> _What needs to be done_
Where the records below show a line containing "text Api enzona: [118, 578, 1122, 607]", start copying; end with the line containing "text https://bulevarsandbox.enzona.net/ [118, 147, 1122, 176]", and copy it too.

[Opening Data shown section]

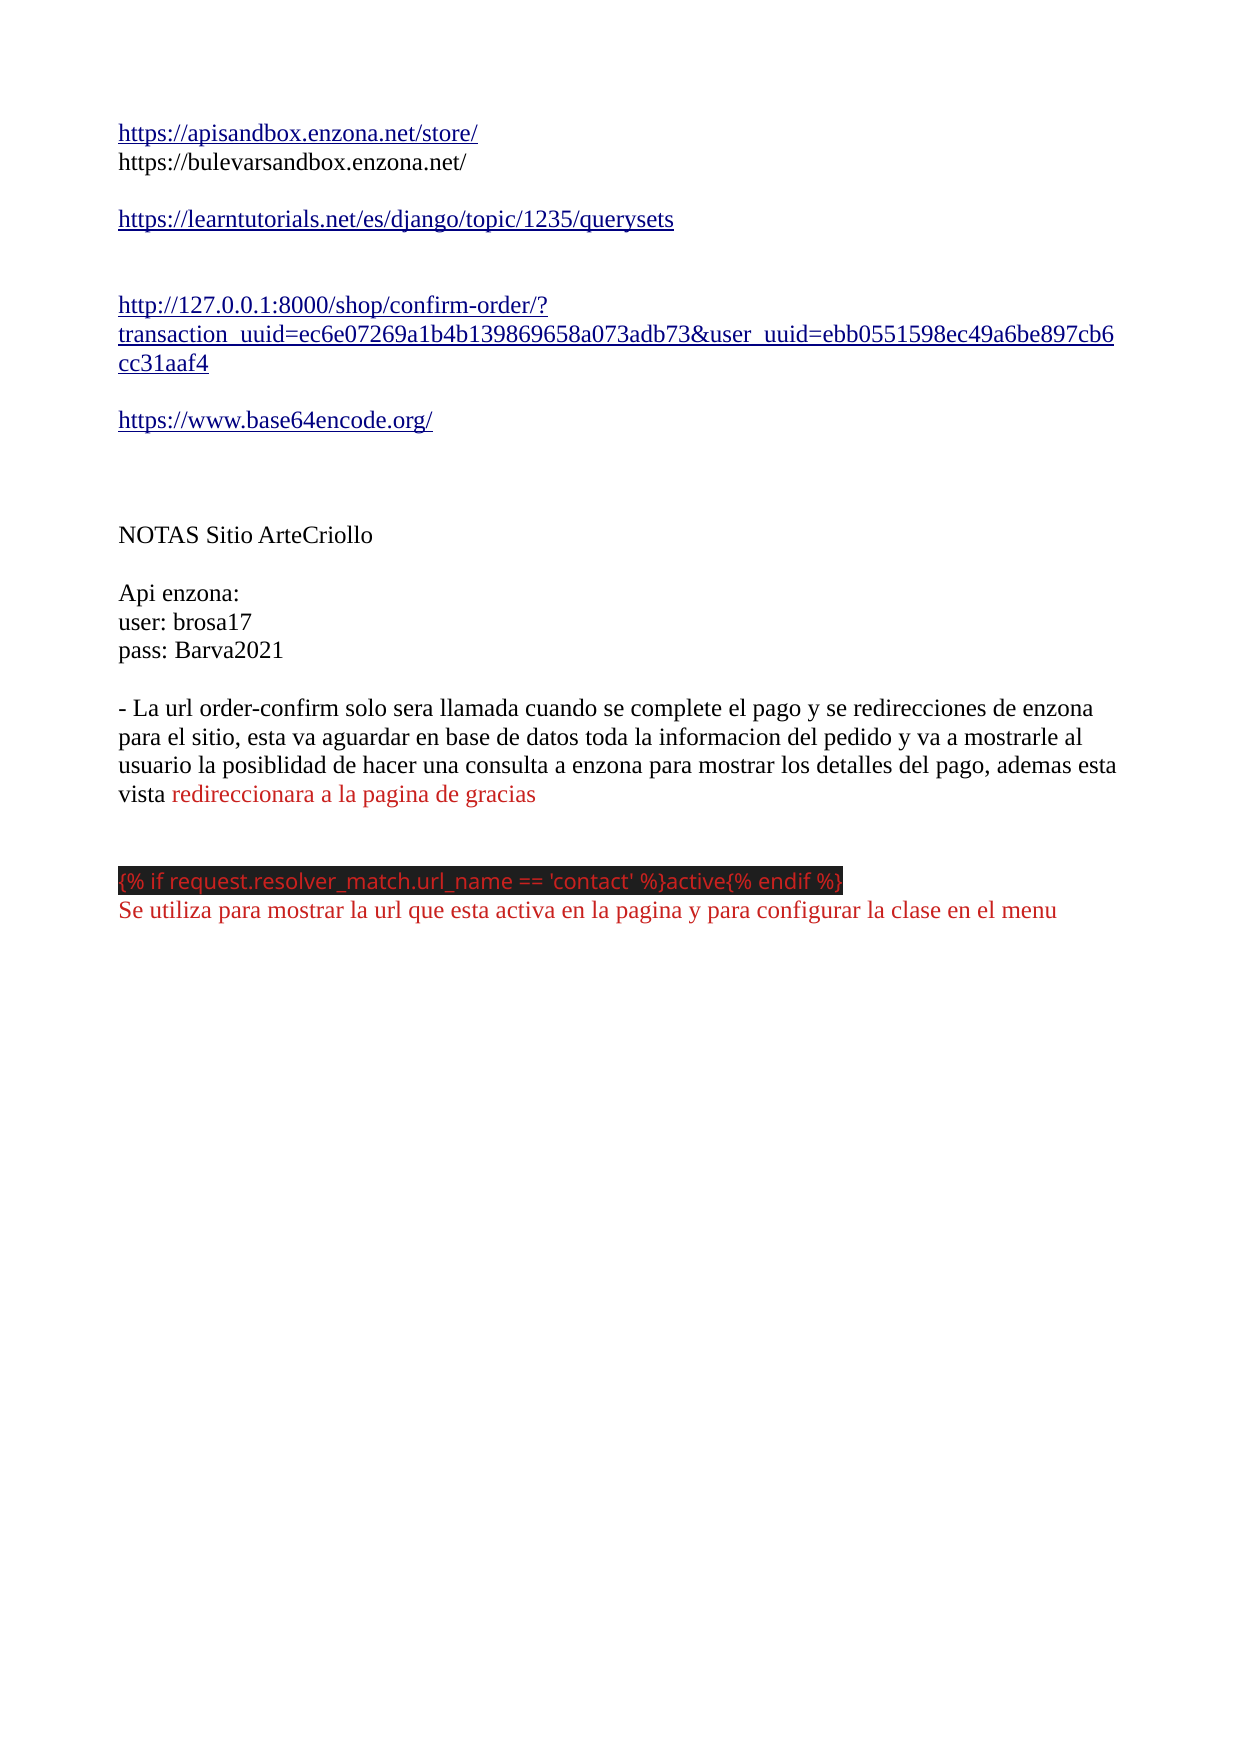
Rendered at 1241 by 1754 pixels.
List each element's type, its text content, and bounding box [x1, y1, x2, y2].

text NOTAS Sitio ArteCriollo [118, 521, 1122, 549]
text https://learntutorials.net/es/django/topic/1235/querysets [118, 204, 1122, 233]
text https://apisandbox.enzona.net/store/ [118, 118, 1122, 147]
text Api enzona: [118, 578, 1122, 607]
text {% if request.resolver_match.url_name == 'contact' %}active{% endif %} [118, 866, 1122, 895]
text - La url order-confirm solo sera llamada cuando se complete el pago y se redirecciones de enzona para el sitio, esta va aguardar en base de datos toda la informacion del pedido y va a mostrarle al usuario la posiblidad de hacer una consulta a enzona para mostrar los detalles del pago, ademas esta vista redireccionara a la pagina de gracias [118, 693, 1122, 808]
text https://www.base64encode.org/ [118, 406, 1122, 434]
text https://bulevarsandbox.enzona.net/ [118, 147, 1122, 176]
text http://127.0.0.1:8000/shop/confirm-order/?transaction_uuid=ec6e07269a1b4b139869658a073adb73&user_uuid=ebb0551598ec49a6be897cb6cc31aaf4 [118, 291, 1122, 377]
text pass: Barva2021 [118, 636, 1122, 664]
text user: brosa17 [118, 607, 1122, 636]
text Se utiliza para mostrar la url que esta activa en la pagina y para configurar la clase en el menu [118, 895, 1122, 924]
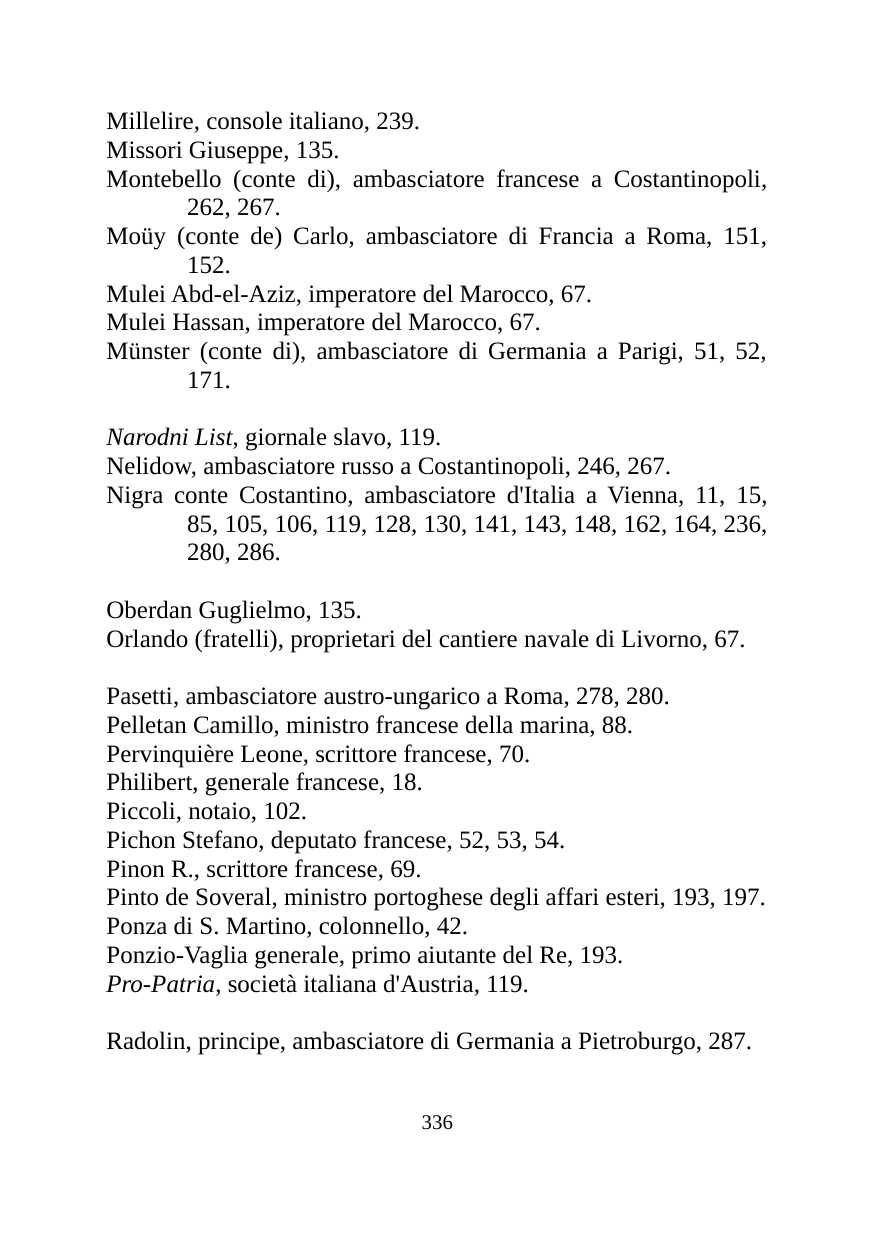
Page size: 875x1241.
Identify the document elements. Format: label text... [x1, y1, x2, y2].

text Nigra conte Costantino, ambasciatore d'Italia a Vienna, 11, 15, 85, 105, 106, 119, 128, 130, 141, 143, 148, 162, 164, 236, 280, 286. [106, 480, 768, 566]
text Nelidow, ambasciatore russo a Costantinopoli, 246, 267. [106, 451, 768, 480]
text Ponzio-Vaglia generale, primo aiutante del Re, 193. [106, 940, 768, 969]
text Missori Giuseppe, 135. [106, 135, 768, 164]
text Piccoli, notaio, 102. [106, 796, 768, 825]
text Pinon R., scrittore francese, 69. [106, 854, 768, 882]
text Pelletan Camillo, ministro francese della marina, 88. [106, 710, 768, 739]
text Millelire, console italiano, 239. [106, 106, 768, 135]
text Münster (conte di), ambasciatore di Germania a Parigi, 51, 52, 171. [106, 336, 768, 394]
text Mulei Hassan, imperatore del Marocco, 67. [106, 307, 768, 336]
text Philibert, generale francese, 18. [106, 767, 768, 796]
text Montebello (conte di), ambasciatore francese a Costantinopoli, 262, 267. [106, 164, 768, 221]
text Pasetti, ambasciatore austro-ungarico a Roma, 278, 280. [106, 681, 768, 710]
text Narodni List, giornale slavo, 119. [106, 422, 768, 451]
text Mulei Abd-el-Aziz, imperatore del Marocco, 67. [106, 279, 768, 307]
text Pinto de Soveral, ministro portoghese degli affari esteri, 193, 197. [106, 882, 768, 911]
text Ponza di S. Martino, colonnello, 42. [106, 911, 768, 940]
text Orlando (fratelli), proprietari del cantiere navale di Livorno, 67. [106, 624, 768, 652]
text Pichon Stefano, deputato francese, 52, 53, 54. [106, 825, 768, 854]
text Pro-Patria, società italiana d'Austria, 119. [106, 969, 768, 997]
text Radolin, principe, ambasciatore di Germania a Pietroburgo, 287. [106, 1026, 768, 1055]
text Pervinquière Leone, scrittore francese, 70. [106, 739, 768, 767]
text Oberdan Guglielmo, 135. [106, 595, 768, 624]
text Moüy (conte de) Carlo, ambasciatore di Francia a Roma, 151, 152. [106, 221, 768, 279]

[Closing Data shown section]

> _Response below_
text Api enzona: [118, 578, 1122, 607]
text {% if request.resolver_match.url_name == 'contact' %}active{% endif %} [118, 866, 1122, 895]
text - La url order-confirm solo sera llamada cuando se complete el pago y se redirecciones de enzona para el sitio, esta va aguardar en base de datos toda la informacion del pedido y va a mostrarle al usuario la posiblidad de hacer una consulta a enzona para mostrar los detalles del pago, ademas esta vista redireccionara a la pagina de gracias [118, 693, 1122, 808]
text https://www.base64encode.org/ [118, 406, 1122, 434]
text https://bulevarsandbox.enzona.net/ [118, 147, 1122, 176]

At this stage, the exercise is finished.